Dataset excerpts

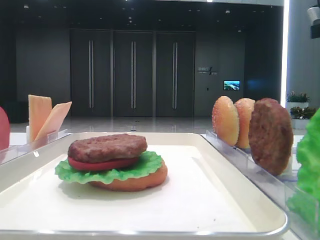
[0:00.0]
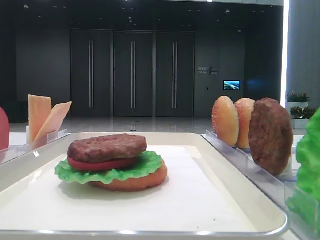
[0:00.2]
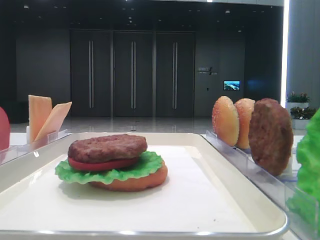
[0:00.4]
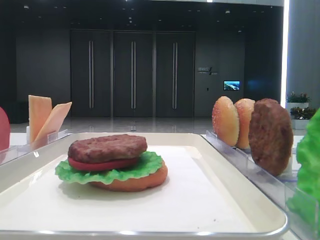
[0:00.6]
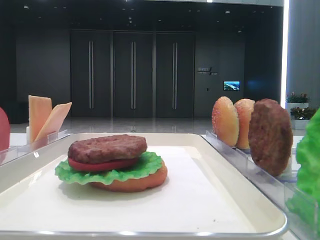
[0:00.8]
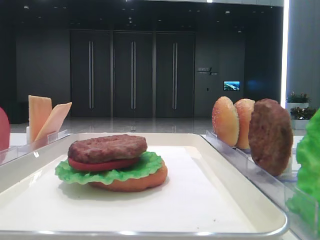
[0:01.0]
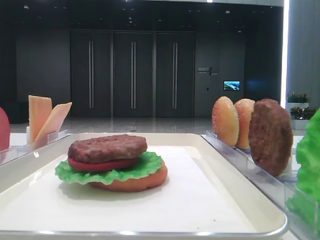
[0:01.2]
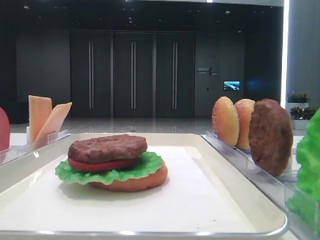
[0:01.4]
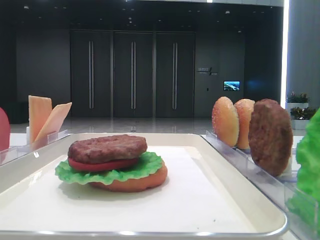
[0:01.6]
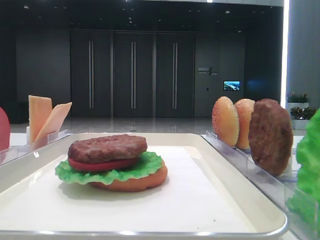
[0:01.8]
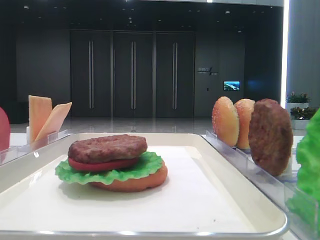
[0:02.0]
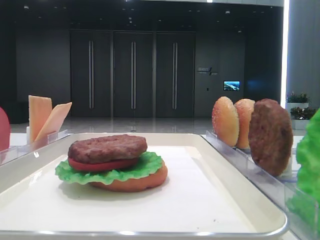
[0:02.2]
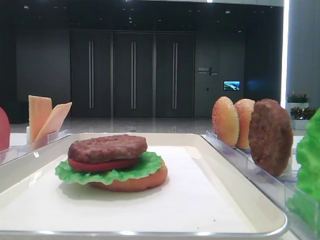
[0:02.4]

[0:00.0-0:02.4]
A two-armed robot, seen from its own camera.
0:00.0 to 0:01.2: The right gripper travels backward by roughly 30 cm.

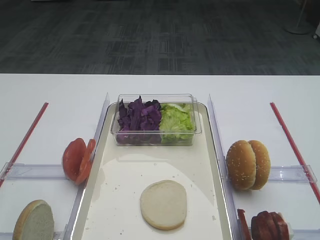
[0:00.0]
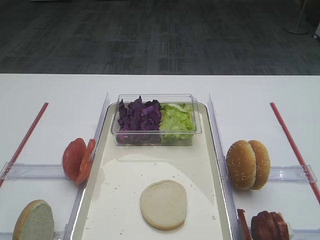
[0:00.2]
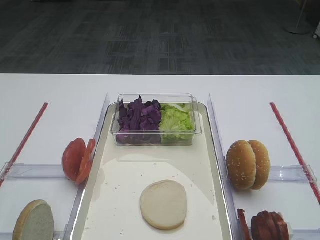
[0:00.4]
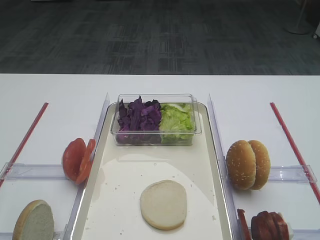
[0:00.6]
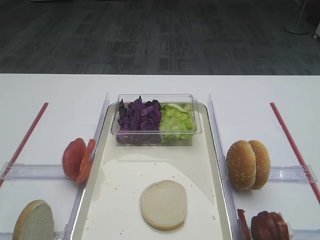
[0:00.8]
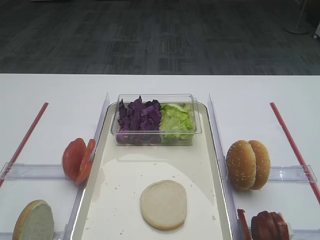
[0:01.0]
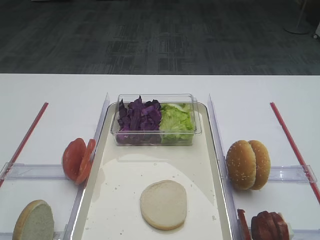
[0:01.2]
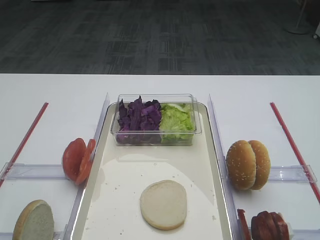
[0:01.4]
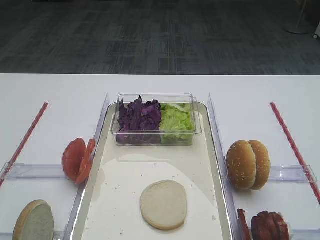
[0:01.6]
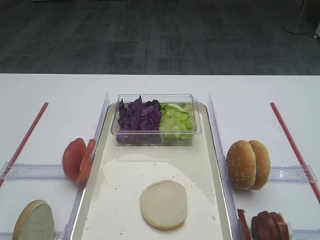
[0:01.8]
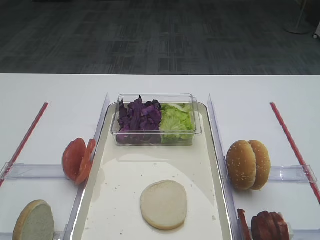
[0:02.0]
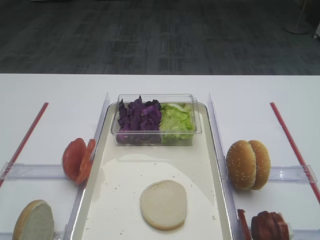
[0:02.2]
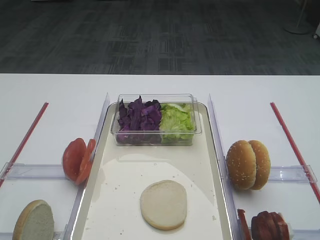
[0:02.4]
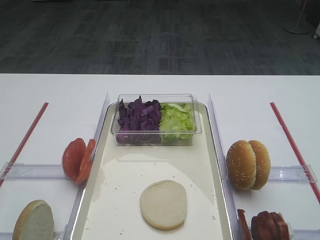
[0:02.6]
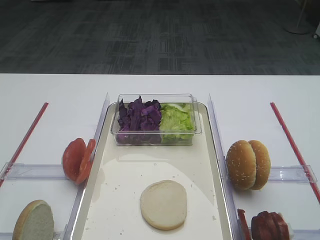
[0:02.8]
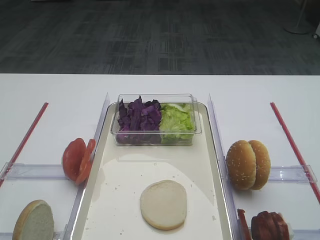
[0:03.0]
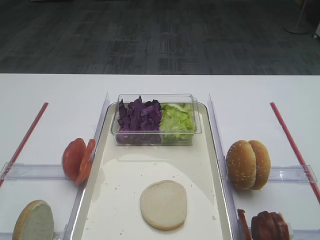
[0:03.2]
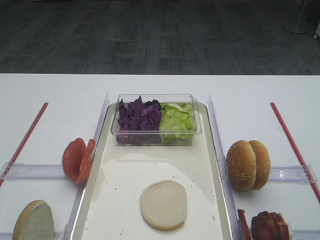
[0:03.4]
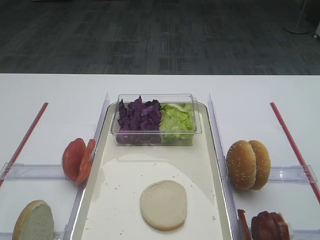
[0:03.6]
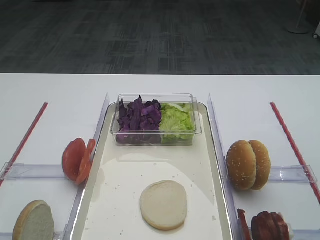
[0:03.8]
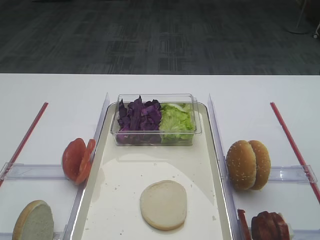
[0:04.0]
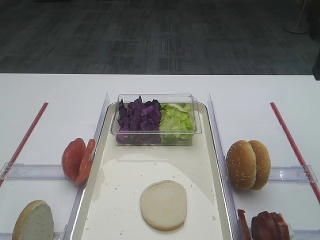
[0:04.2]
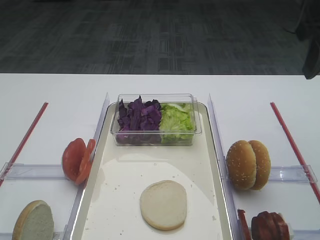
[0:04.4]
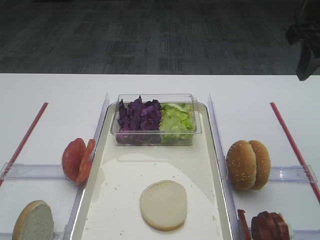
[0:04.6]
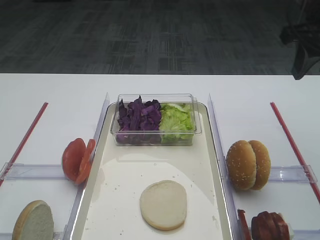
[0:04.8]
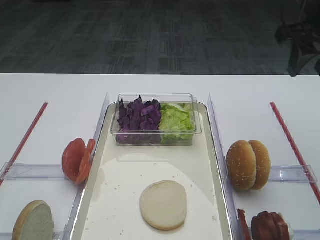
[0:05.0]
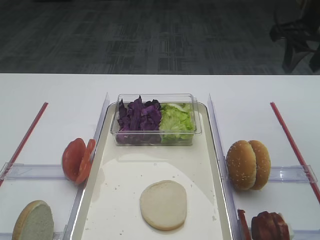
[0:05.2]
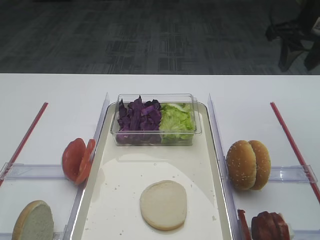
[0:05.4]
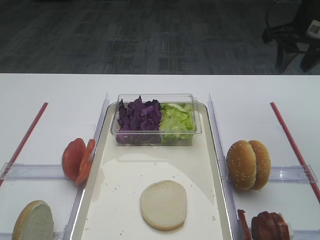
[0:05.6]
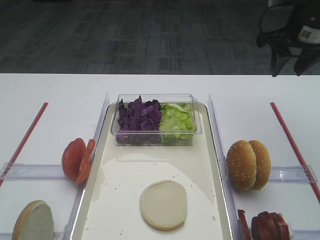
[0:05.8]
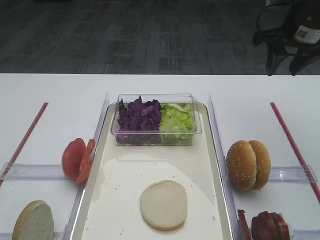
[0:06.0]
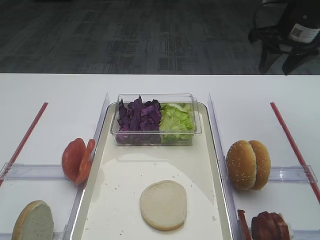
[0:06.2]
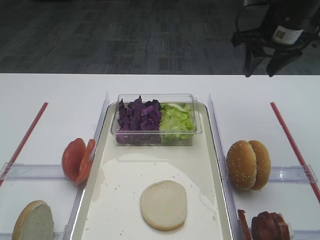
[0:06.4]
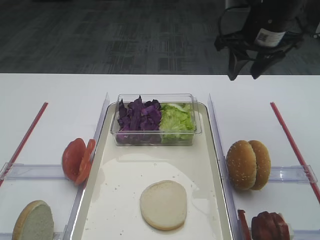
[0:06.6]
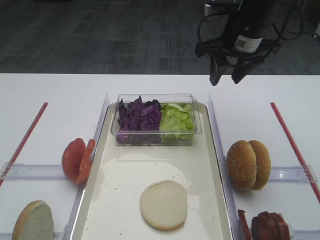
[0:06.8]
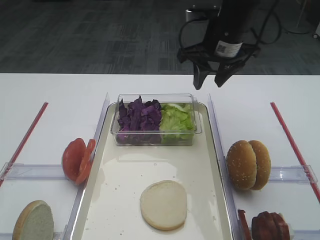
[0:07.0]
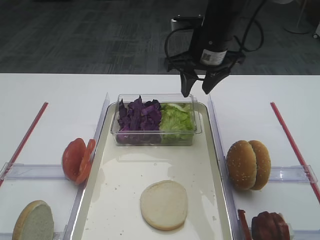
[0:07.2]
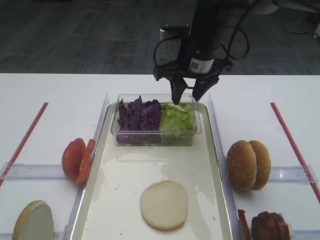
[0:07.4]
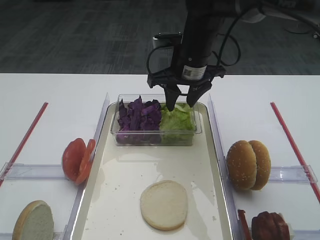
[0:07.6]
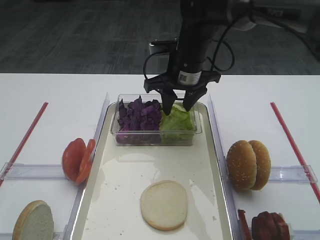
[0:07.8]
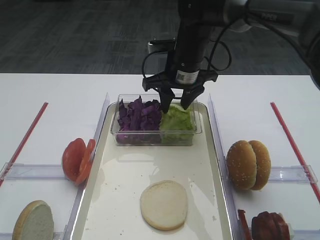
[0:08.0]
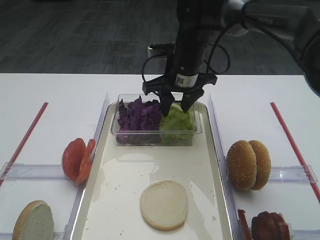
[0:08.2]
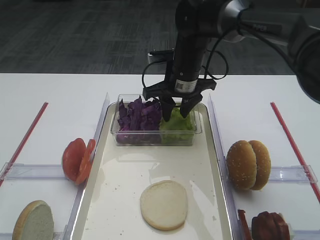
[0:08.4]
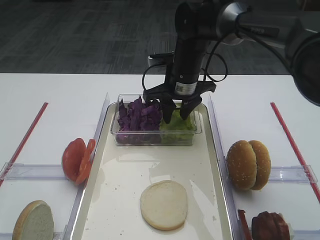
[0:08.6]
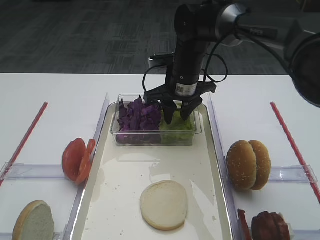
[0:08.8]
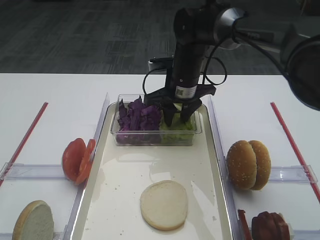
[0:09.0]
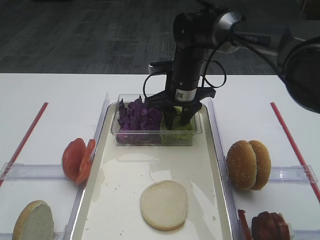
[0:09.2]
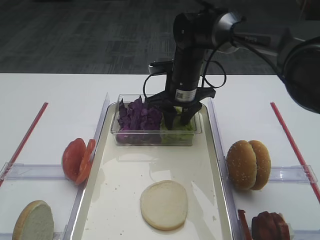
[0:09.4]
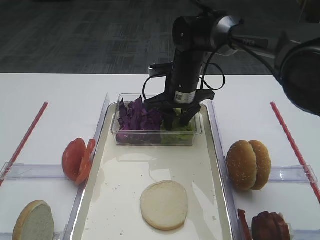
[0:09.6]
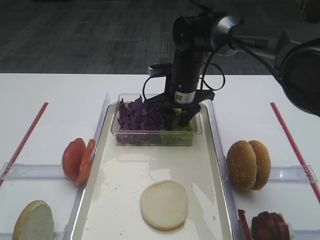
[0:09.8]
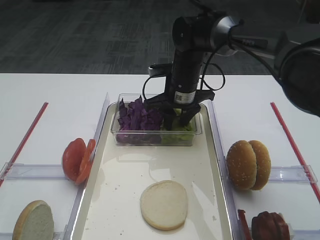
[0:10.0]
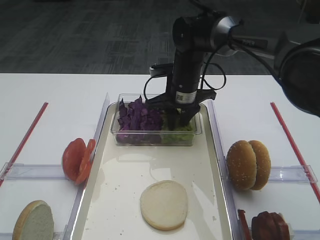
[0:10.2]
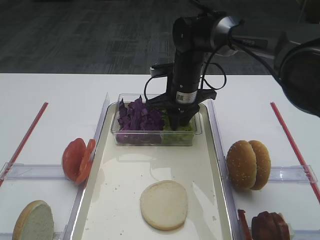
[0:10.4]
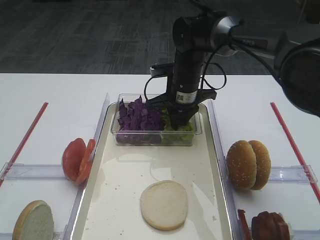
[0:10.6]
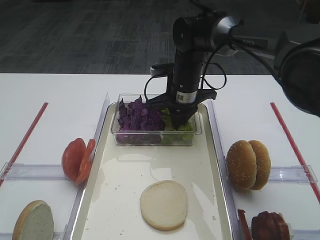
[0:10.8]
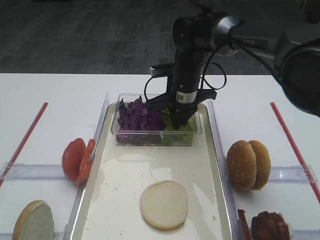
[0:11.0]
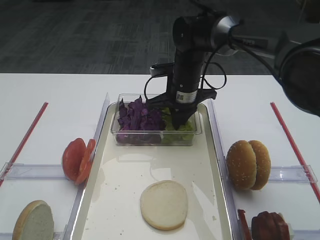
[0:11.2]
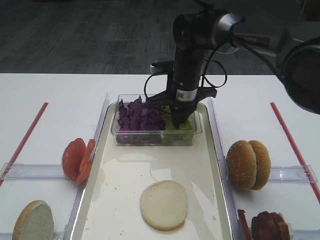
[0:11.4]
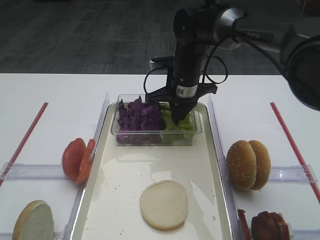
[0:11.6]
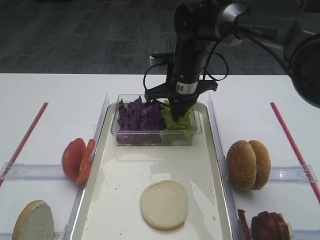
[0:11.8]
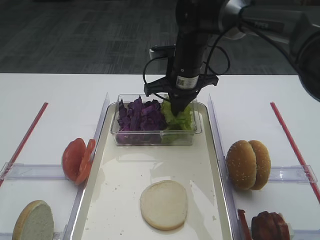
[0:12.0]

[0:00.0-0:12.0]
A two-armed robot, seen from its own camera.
0:03.0 to 0:04.4: The right gripper shifts some 20 cm forward.
0:04.4 to 0:06.0: The right gripper travels forward and downward by roughly 15 cm.
0:06.0 to 0:07.6: The right gripper travels to the left by approximately 20 cm.
0:07.6 to 0:09.0: The right gripper heads downward, covering about 5 cm.
0:09.0 to 0:10.4: The grippers move only a little.
0:10.4 to 0:12.0: The right gripper closes up.

■ **What is needed**
Apart from the pictures, write every entry out again exactly.

■ **Completed task**
[0:00.0]
[0:00.2]
[0:00.4]
[0:00.6]
[0:00.8]
[0:01.0]
[0:01.2]
[0:01.4]
[0:01.6]
[0:01.8]
[0:02.0]
[0:02.2]
[0:02.4]

[0:00.0-0:02.4]
A two-armed robot, seen from its own camera.
0:00.0 to 0:01.2: The right gripper travels backward by roughly 30 cm.

[0:00.0]
[0:00.2]
[0:00.4]
[0:00.6]
[0:00.8]
[0:01.0]
[0:01.2]
[0:01.4]
[0:01.6]
[0:01.8]
[0:02.0]
[0:02.2]
[0:02.4]
[0:02.6]
[0:02.8]
[0:03.0]
[0:03.2]
[0:03.4]
[0:03.6]
[0:03.8]
[0:04.0]
[0:04.2]
[0:04.4]
[0:04.6]
[0:04.8]
[0:05.0]
[0:05.2]
[0:05.4]
[0:05.6]
[0:05.8]
[0:06.0]
[0:06.2]
[0:06.4]
[0:06.6]
[0:06.8]
[0:07.0]
[0:07.2]
[0:07.4]
[0:07.6]
[0:07.8]
[0:08.0]
[0:08.2]
[0:08.4]
[0:08.6]
[0:08.8]
[0:09.0]
[0:09.2]
[0:09.4]
[0:09.6]
[0:09.8]
[0:10.0]
[0:10.2]
[0:10.4]
[0:10.6]
[0:10.8]
[0:11.0]
[0:11.2]
[0:11.4]
[0:11.6]
[0:11.8]
[0:12.0]

[0:00.0-0:12.0]
A two-armed robot, seen from its own camera.
0:03.0 to 0:04.4: The right gripper shifts some 20 cm forward.
0:04.4 to 0:06.0: The right gripper travels forward and downward by roughly 15 cm.
0:06.0 to 0:07.6: The right gripper travels to the left by approximately 20 cm.
0:07.6 to 0:09.0: The right gripper heads downward, covering about 5 cm.
0:09.0 to 0:10.4: The grippers move only a little.
0:10.4 to 0:12.0: The right gripper closes up.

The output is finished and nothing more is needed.